We searched in PubMed, Cochrane Library, and Web of Science databases to identify all studies reporting data on efficacy and safety of ustekinumab in CD patients up to September 2021. The following Medical Subject Heading [MeSH] terms alone or matched with the Boolean operators ‘AND’ or ‘OR’ were used: ‘Crohn Disease’, ‘CD’, ‘inflammatory bowel disease’, ‘IBD’, ‘ustekinumab’, and ‘anti-IL-12/IL-23’. Three authors [FD, LPB, and SD] independently scrutinised titles and abstracts to identify eligible studies. Then, full-text articles were examined for inclusion. Abstracts from major international congresses [e.g., Digestive Disease Week, ECCO Congress, and United European Gastroenterology Week] were also checked to identify additional studies. Finally, we accurately evaluated the reference lists of the included studies for any further relevant work.

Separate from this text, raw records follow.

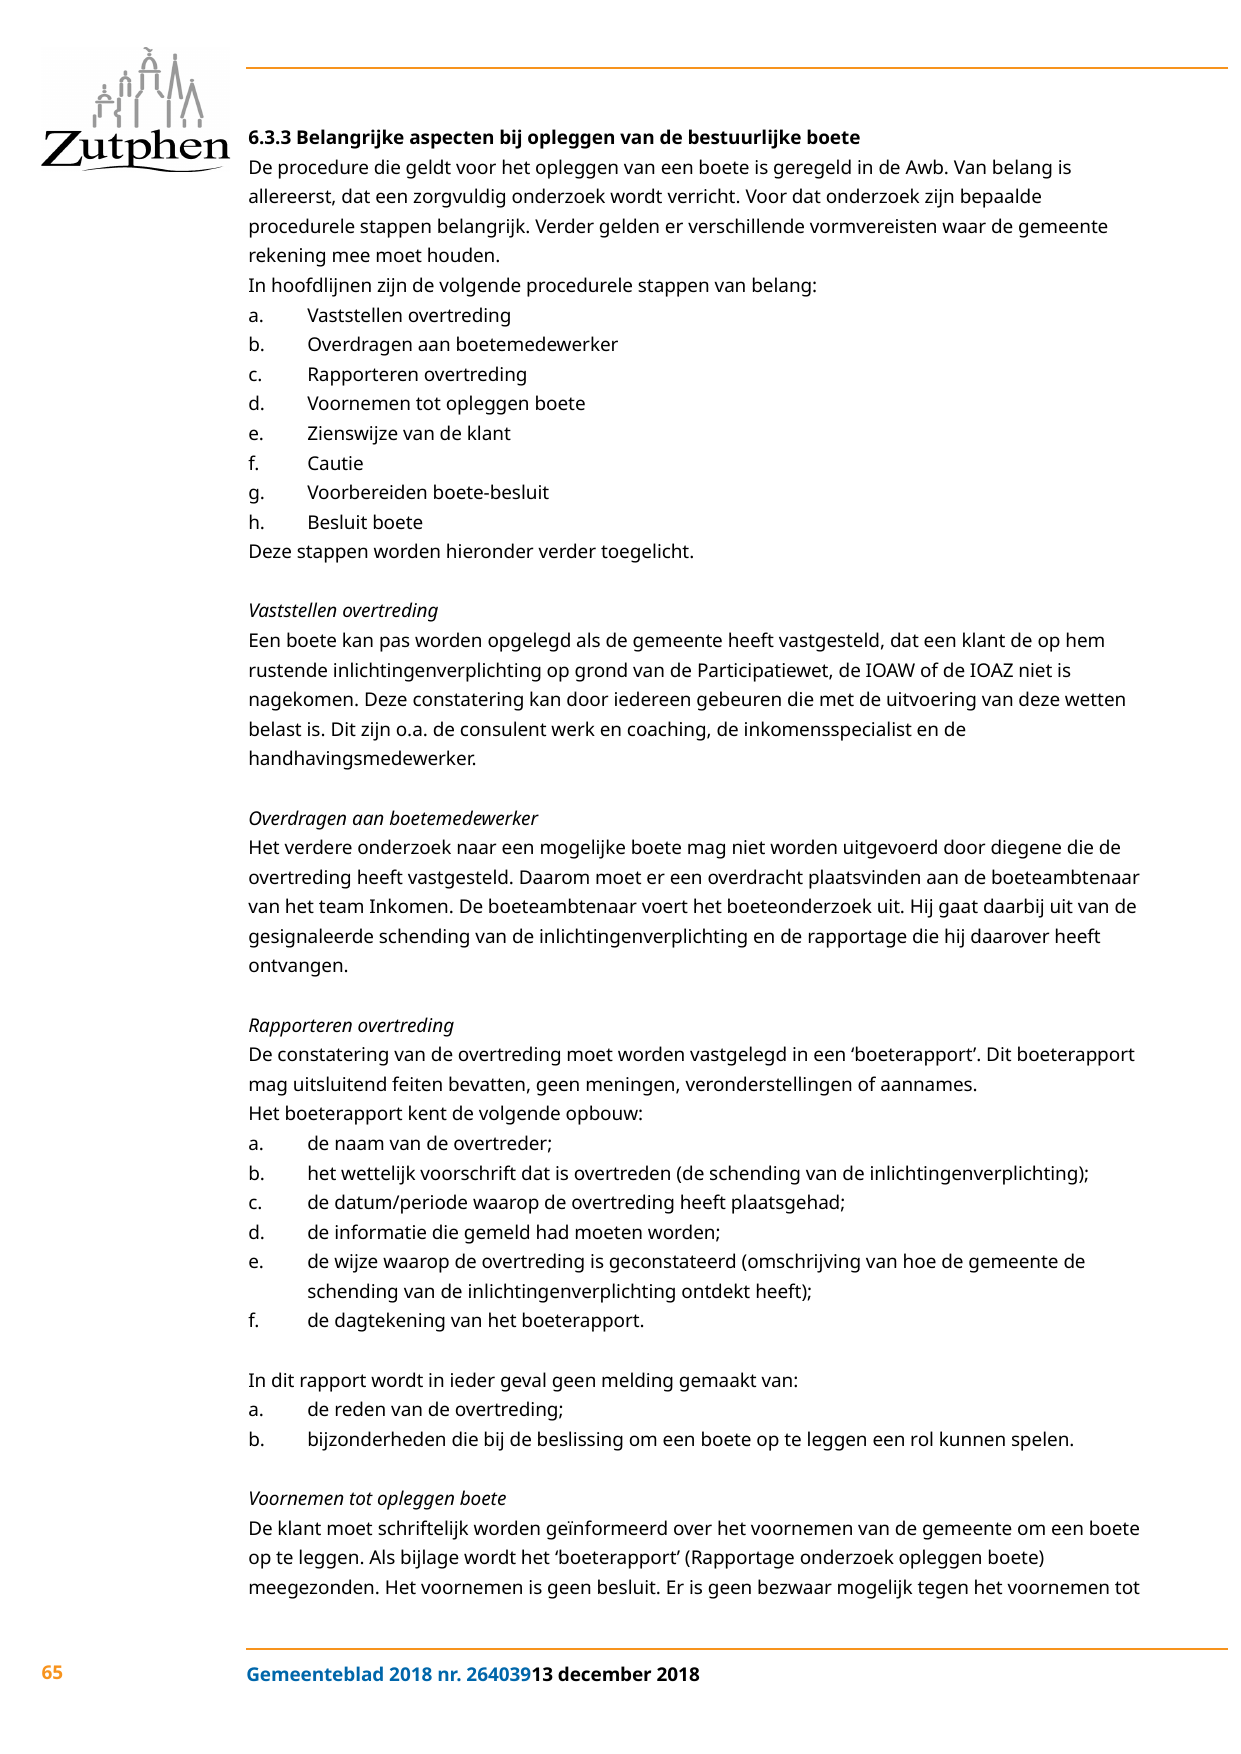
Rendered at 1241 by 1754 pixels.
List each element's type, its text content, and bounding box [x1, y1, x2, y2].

text Het boeterapport kent de volgende opbouw: [248, 1101, 1152, 1126]
list bijzonderheden die bij de beslissing om een boete op te leggen een rol kunnen spelen. [248, 1426, 1152, 1452]
text Een boete kan pas worden opgelegd als de gemeente heeft vastgesteld, dat een klant de op hem rustende inlichtingenverplichting op grond van de Participatiewet, de IOAW of de IOAZ niet is nagekomen. Deze constatering kan door iedereen gebeuren die met de uitvoering van deze wetten belast is. Dit zijn o.a. de consulent werk en coaching, de inkomensspecialist en de handhavingsmedewerker. [248, 627, 1152, 771]
text De klant moet schriftelijk worden geïnformeerd over het voornemen van de gemeente om een boete op te leggen. Als bijlage wordt het ‘boeterapport’ (Rapportage onderzoek opleggen boete) meegezonden. Het voornemen is geen besluit. Er is geen bezwaar mogelijk tegen het voornemen tot [248, 1515, 1152, 1600]
list de wijze waarop de overtreding is geconstateerd (omschrijving van hoe de gemeente de schending van de inlichtingenverplichting ontdekt heeft); [248, 1248, 1152, 1304]
list Voorbereiden boete-besluit [248, 479, 1152, 505]
text 6.3.3 Belangrijke aspecten bij opleggen van de bestuurlijke boete [248, 124, 1152, 150]
text In hoofdlijnen zijn de volgende procedurele stappen van belang: [248, 272, 1152, 298]
list de dagtekening van het boeterapport. [248, 1308, 1152, 1333]
list de datum/periode waarop de overtreding heeft plaatsgehad; [248, 1189, 1152, 1215]
list de informatie die gemeld had moeten worden; [248, 1219, 1152, 1245]
text Het verdere onderzoek naar een mogelijke boete mag niet worden uitgevoerd door diegene die de overtreding heeft vastgesteld. Daarom moet er een overdracht plaatsvinden aan de boeteambtenaar van het team Inkomen. De boeteambtenaar voert het boeteonderzoek uit. Hij gaat daarbij uit van de gesignaleerde schending van de inlichtingenverplichting en de rapportage die hij daarover heeft ontvangen. [248, 834, 1152, 978]
text Voornemen tot opleggen boete [248, 1485, 1152, 1511]
list Vaststellen overtreding [248, 302, 1152, 328]
list de naam van de overtreder; [248, 1130, 1152, 1156]
list Besluit boete [248, 509, 1152, 535]
picture [41, 47, 231, 172]
text In dit rapport wordt in ieder geval geen melding gemaakt van: [248, 1367, 1152, 1393]
list Overdragen aan boetemedewerker [248, 331, 1152, 357]
text De procedure die geldt voor het opleggen van een boete is geregeld in de Awb. Van belang is allereerst, dat een zorgvuldig onderzoek wordt verricht. Voor dat onderzoek zijn bepaalde procedurele stappen belangrijk. Verder gelden er verschillende vormvereisten waar de gemeente rekening mee moet houden. [248, 154, 1152, 268]
text Deze stappen worden hieronder verder toegelicht. [248, 538, 1152, 564]
list Rapporteren overtreding [248, 361, 1152, 387]
text Rapporteren overtreding [248, 1012, 1152, 1038]
list het wettelijk voorschrift dat is overtreden (de schending van de inlichtingenverplichting); [248, 1160, 1152, 1186]
list Voornemen tot opleggen boete [248, 391, 1152, 416]
text Vaststellen overtreding [248, 598, 1152, 623]
text De constatering van de overtreding moet worden vastgelegd in een ‘boeterapport’. Dit boeterapport mag uitsluitend feiten bevatten, geen meningen, veronderstellingen of aannames. [248, 1041, 1152, 1097]
text Overdragen aan boetemedewerker [248, 805, 1152, 831]
list de reden van de overtreding; [248, 1396, 1152, 1422]
list Zienswijze van de klant [248, 420, 1152, 446]
list Cautie [248, 450, 1152, 476]

2.1. Efficacy data from randomised clinical trials and real-life studies

A phase 2a, randomised, placebo-controlled trial was conducted by Sanborn and colleagues between 2004 and 2006.⁷ CD patients were randomised to receive placebo, ustekinumab 90 mg subcutaneously, or ustekinumab 4.5 mg/kg intravenously. Interestingly, clinical response and clinical remission at Week 6 were achieved in a higher proportion of subjects in the intravenous arm than in the subcutaneous arm [62.0% vs 36.0% and 31.0% vs 14.0%, respectively]. A randomised, placebo-controlled, phase 2b study evaluated the efficacy and safety of ustekinumab in patients with CD.⁸ During the induction phase, 526 patients were randomised to receivethree different doses of intravenous ustekinumab [1 mg, 3 mg, or 6 mg per kilogram of body weight] or placebo. Responders were randomised in the maintenance study to receive ustekinumab 90 mg subcutaneously or placebo at Week 8 and Week 16. The proportion of patients who achieved the primary endpoint of clinical response (≥100-point decrease from the baseline Crohn’s Disease Activity Index [CDAI] score) at Week 6 was significantly higher in subjects treated with intravenous ustekinumab 6 mg/kg than in placebo arm [39.7% vs 23.5%, p = 0.005]. No significant difference was found with lower ustekinumab concentrations. Similarly, clinical response at Week 22 was achieved in a higher proportion of patients undergoing ustekinumab treatment compared with placebo [69.4% vs 42.5%, p < 0.001].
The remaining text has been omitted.